I had a meeting with the representatives of the Joint Negotiating Panel on 30 October 2009. The trade unions indicated that they would only return to the negotiation table if MSPA:

(a) Provides them with all information they had called for;
(b) Withdraws its proposal regarding Prime de Présence Annuelle which they consider to be an attempt by MSPA to make their acquired rights less favourable; and
(c) Does not encourage enterprise level collective bargaining as in the case of FUEL and the Sugar Industry Workers Association (SIWA).

Should MSPA fail to accede to their requests, the Joint Negotiating Panel indicated that the workers would proceed with a one-day strike at the end of November. I drew their attention to the fact that any such strike would be unlawful as the established procedures under the Employment Relations Act have not been followed and urged them to follow the required procedures.

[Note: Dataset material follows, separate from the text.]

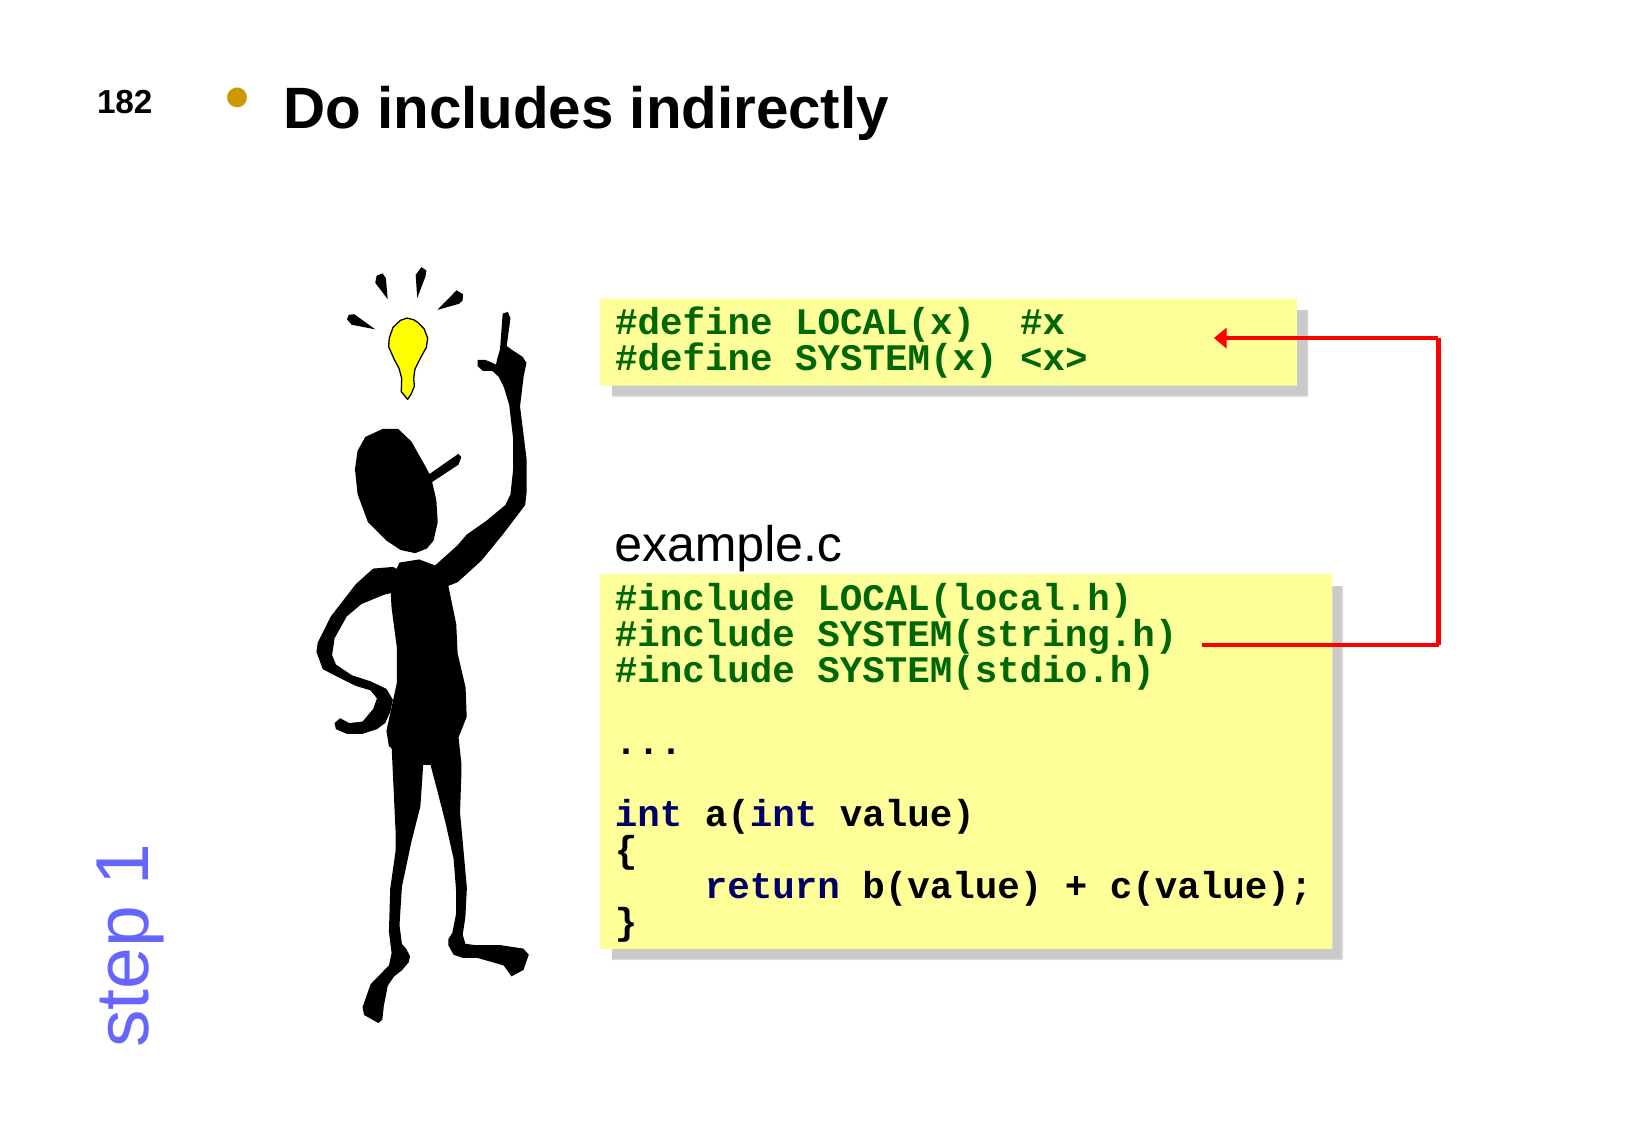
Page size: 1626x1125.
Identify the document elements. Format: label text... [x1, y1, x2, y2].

In a letter dated 21 November 2009 addressed to MSPA and copied to the Prime Minister and to me, the Joint Negotiating Panel has reiterated the three requests communicated to me at the meeting of 30 October 2009 and has added a fourth condition, namely that the listed companies of the MSPA should strictly abide to Section 21 (2) of the Sugar Industry Efficiency Act 2001 and to the Employment Rights Act 2008, on seasonal/contractual labour.

On 20 November 2009, MSPA has made an application to the Employment Relations Tribunal under Section 86 (3) for an order

(a) requiring the Joint Negotiating Panel to make use of the procedures and remedies available under the law; and
(b) to declare the threatened strike to be unlawful.

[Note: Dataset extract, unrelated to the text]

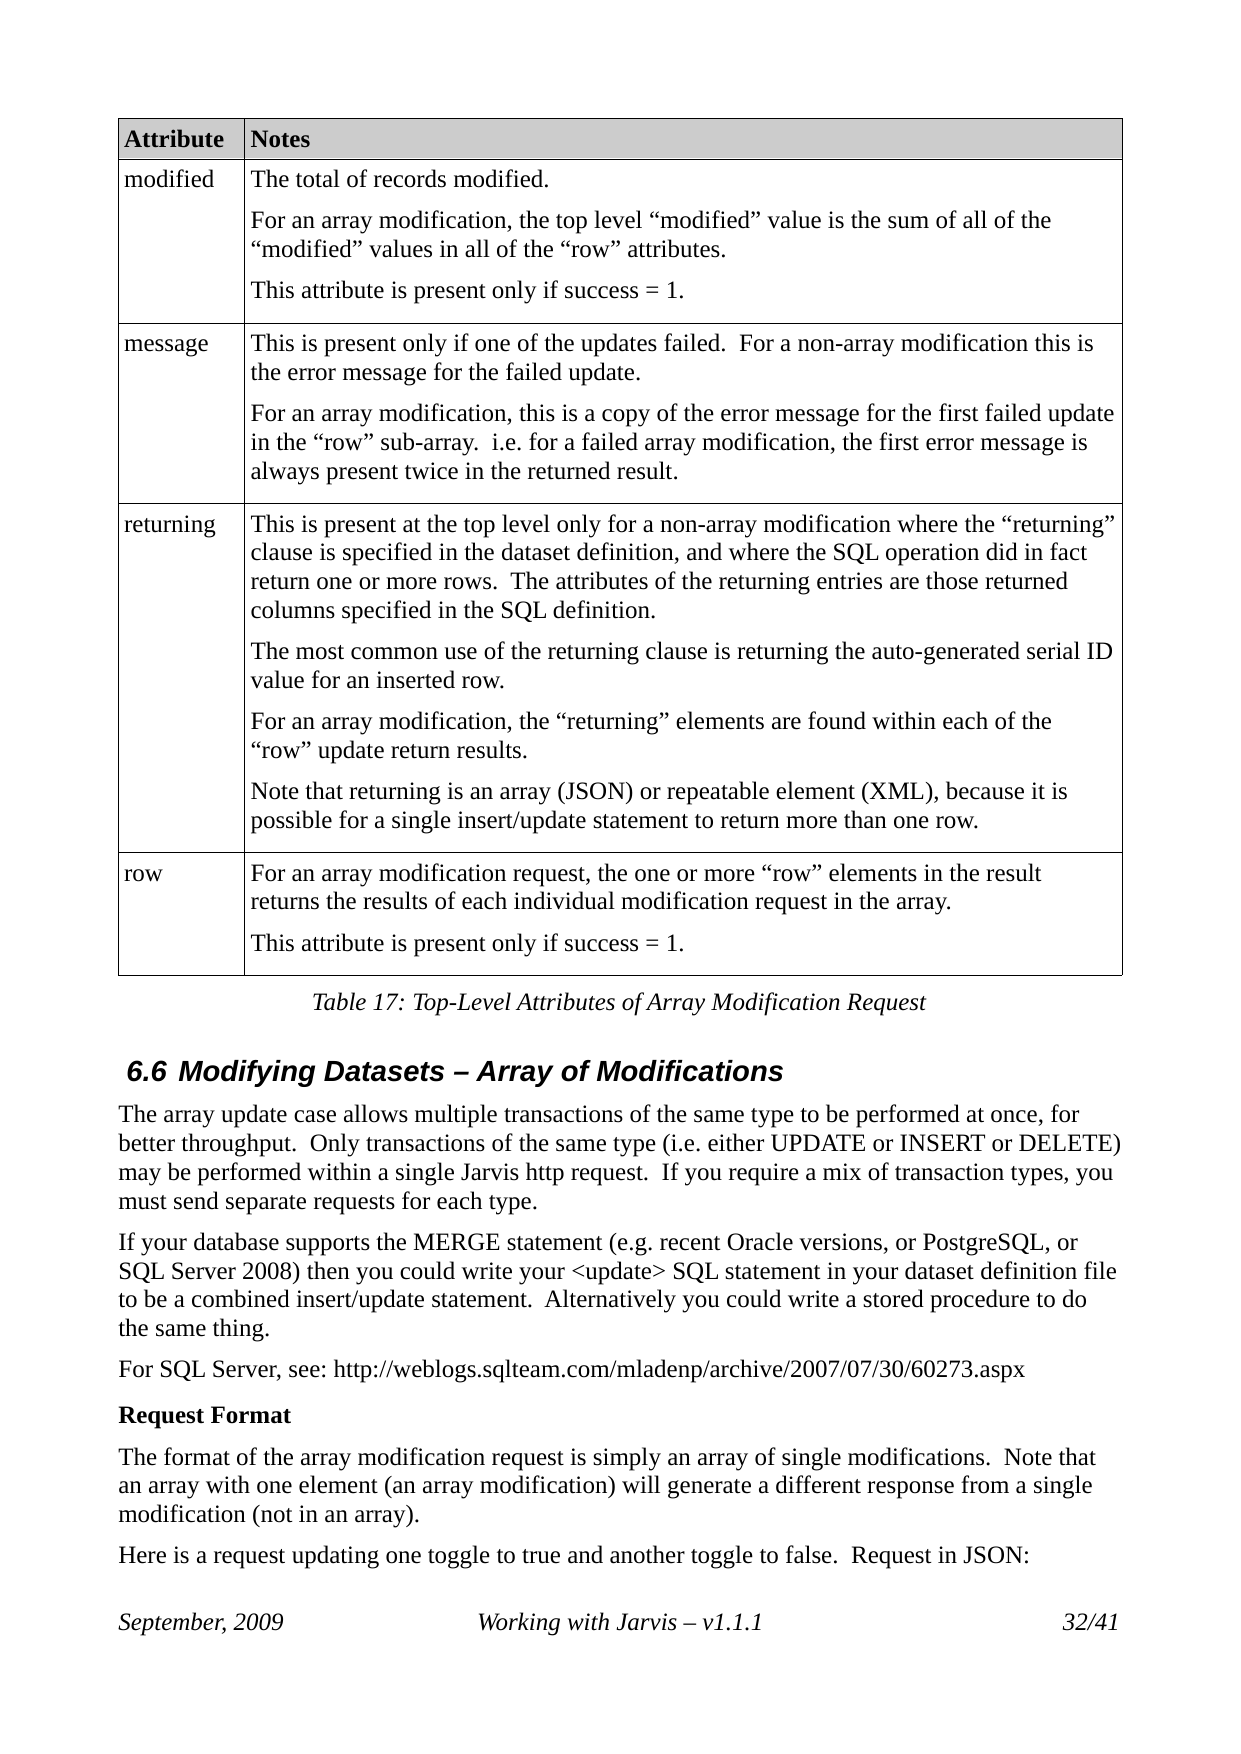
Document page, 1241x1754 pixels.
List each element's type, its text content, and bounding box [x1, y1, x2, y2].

An order from the Tribunal is binding on both the parties and has to be complied with.

It has been reported in the press that the one day strike is scheduled for this Friday 27 November.

Mr Speaker, Sir,

With regard to sub paragraph (a) of the PNQ, I have to inform the House that the Employment Relations Act provides the framework and procedures for collective bargaining at both enterprise and industry level. Where collective bargaining is undertaken at industry level, there has to be a procedure agreement at industry level, which is the case for MSPA and the recognised trade unions. The decision to proceed with collective bargaining at enterprise or industry level rests with the parties concerned.

As regards sub paragraph (b) of the PNQ, the Employment Relations Act provides at Section 63 that the parties to a labour dispute may jointly refer such dispute for voluntary arbitration to the Employment Relations Tribunal or to an arbitrator appointed by them. Where any dispute is referred to the Employment Relations Tribunal under this Section, the Tribunal has 90 days of the referral to make an award. Where circumstances so require, this time limit may be extended with the consent of the parties.

Arbitration under the law is a voluntary process at the discretion of the parties concerned. It would not be proper for the Government to appoint an arbitrator and this, after consultation with the trade unions only.